# Contraction of rubber

As was shown earlier in this TLP, the entropy change of an elastomer when it is stretched is given by:

\[\Delta S = - \frac{1}{2}Nk(\lambda _1^2 + \lambda _3^2 + \lambda _3^2 - 3)\]

This can be simplified when the shape change is uniaxial extension, when the extension ratios in the transverse directions must be equal:

λ_{1} = λ_{2}

since there is no volume change, λ_{1}λ_{2}λ_{3}
= 1, and hence

\[{\lambda _1} = {\lambda _2} = \frac{1}{{\sqrt {{\lambda _3}} }}\]

Therefore:

\[\Delta S = - \frac{1}{2}Nk\left( {\frac{2}{{{\lambda _3}}} + \lambda _3^2 - 3} \right)\]

From

F = -T (dS/dL)

we have

\[F = \frac{{kTN}}{{{L_0}}}\left( {{\lambda _3} - \frac{1}{{\lambda _3^2}}} \right)\]

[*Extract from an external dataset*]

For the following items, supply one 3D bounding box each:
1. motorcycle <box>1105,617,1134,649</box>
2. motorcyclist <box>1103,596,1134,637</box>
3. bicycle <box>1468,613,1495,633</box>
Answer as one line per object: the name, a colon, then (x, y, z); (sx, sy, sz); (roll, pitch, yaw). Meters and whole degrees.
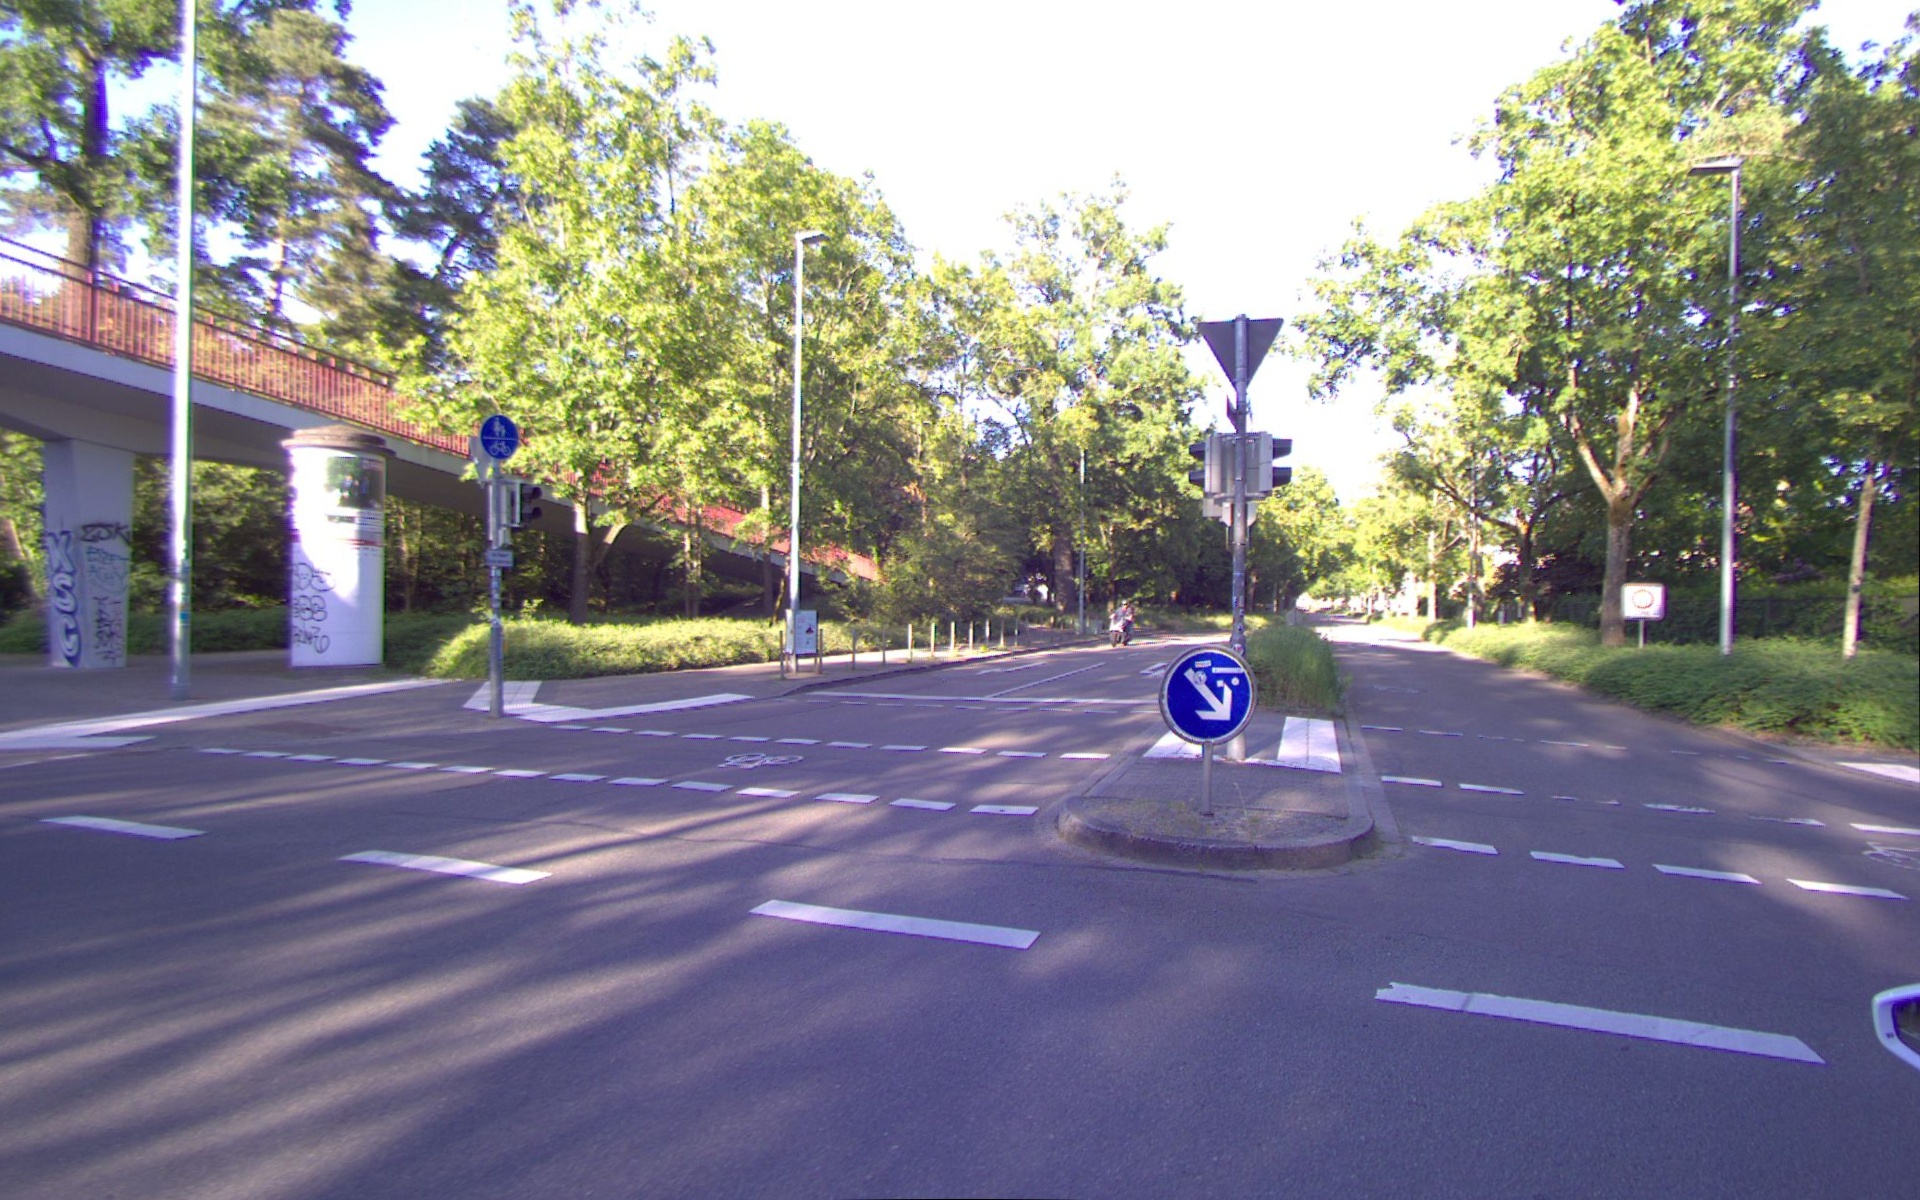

This leads to an expression for the nominal tensile stress:

\[\sigma = \frac{F}{{{A_0}}} = \frac{{kTN}}{{{V_0}}}\left( {{\lambda _3} - \frac{1}{{\lambda _3^2}}} \right)\]

Experimental data fits this theory well, except at high extensions when the chains reach maximum extension, causing the stiffness (gradient of plot) to increase greatly.

It is therefore possible to estimate the chain segment density of a rubber, if the extension under a particular load is known. An example of such a calculation is given below:

### Worked Example Calculation

A mass of 0.2 kg is suspended from a piece of rubber. The rubber is initially 10 cm long and has a circular cross section, of radius 2 mm. When the system equilibrates after the mass is attached, the new length of the rubber is 20 cm. The experiment is done at 298 K. Calculate the chain segment density in the rubber.

#### Solution

The equation we need is:

\[\sigma = \frac{F}{{{A_0}}} = \frac{{kTN}}{{{V_0}}}\left( {{\lambda _3} - \frac{1}{{\lambda _3^2}}} \right)\]

The cross-link density is N/V_{o}. Rearranging the above equation gives us:

\[\frac{N}{{{V_0}}} = F/{A_0}kT\left( {{\lambda _3} - \frac{1}{{\lambda _3^2}}} \right)\]

We can now calculate the force and cross-sectional area:

F = m g = 0.2 x 9.81 = 1.962 N

A_{0} = πr^{2}
= π x (0.002)^{2} = 1.26
x 10^{-5} m^{2}

Putting these values into our starting equation gives:

\[\frac{N}{{{V_0}}} = \frac{{1.962{\rm{N}}}}{{1.26 \times {{10}^{ - 5}}{{\rm{m}}^2} \times 1.38 \times {{10}^{ - 23}}{\rm{J}}{{\rm{K}}^{ - 1}} \times 298{\rm{K}} \times \left( {\frac{{0.2}}{{0.1}} - {{\left( {\frac{{0.1}}{{0.2}}} \right)}^2}} \right)}} = 2.17 \times {10^{25}}{{\rm{m}}^{ - 3}}\]

Therefore there are 2.17 × 10^{25} chain segments per m^{3}.